We have learned a lot of fascinating information regarding the efficiency of AutoGluon AutoML frameworks. It is being used to quickly and expertly shorten the time it takes to develop ML models that are suitable for production. This quickens the whole ML process and gives data scientists more time to concentrate on coming up with creative solutions to real-world issues. The flexibility of the AutoGluon AutoML framework to train and test many current Machine Learning algorithms on various data sets separately can be considered the major advantage of utilising it. It should also be emphasised that employing the AutoGluon AutoML framework does not eliminate the necessity for training and a fundamental comprehension of the data, data annotation, and the intended conclusion. As a result, the AutoGluon AutoML framework's success will probably depend on how quickly it is embraced and used as well as the real advantages it offers a particular sector. However, we can affirm that the AutoGluon AutoML framework will continue to exist and provide the answer.
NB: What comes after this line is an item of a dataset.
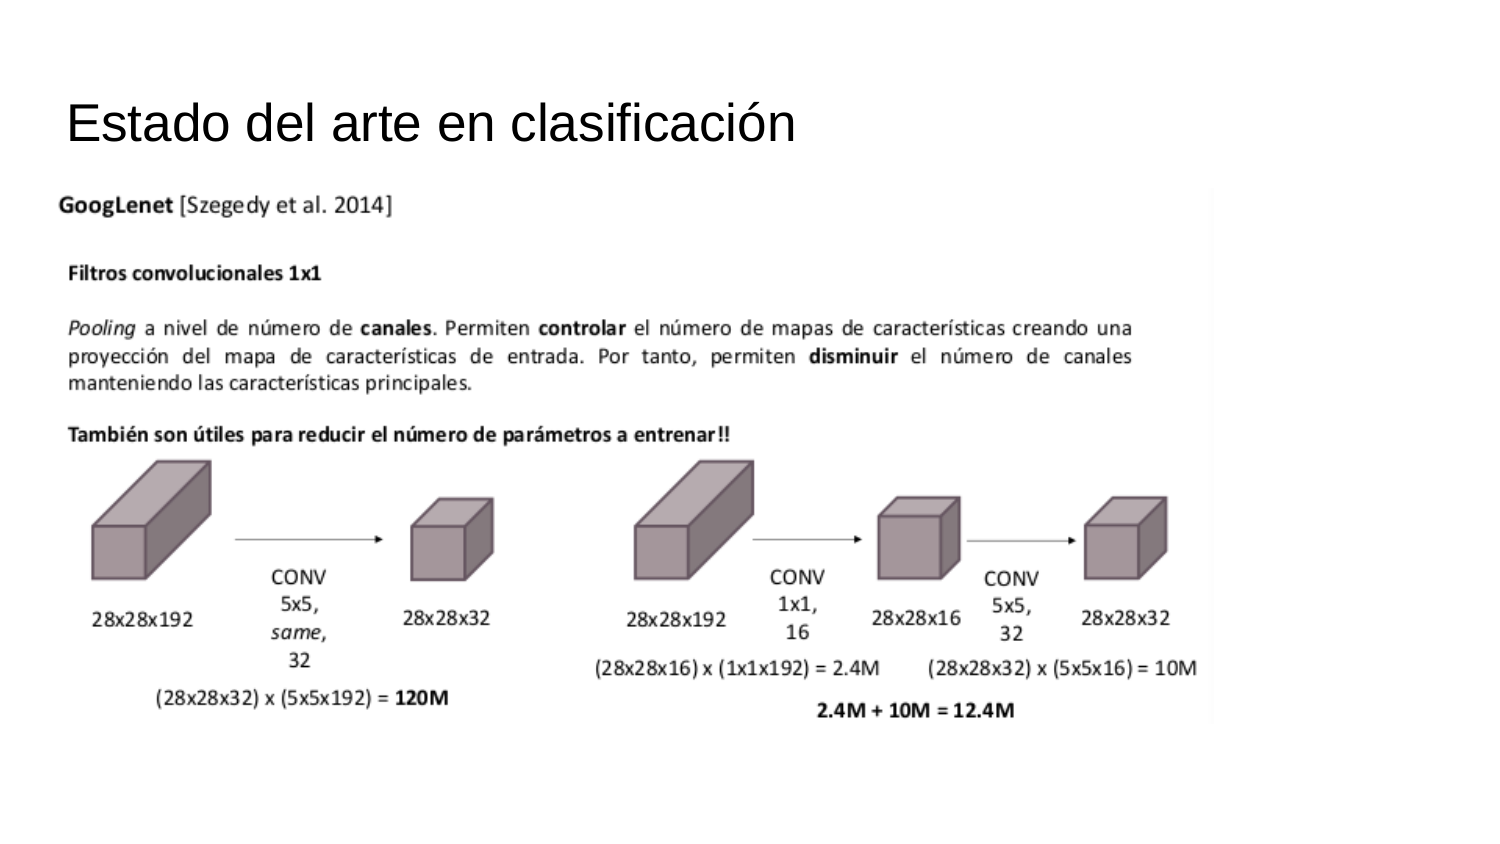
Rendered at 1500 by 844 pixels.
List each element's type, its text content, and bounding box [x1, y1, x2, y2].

picture [51, 188, 1214, 724]
title Estado del arte en clasificación [51, 72, 1449, 167]

As previously mentioned, AutoGluon is an open-source AutoML framework that allows users to build extremely precise Machine Learning models on raw data using just one line of Python. When AutoGluon is compared to other AutoML systems like TPOT, H2O, AutoWEKA, auto-sklearn, and Google AutoML, it is shown to be quicker, more reliable, and significantly more accurate. As a result, the AutoGluon AutoML framework will be crucial in the future of machine learning.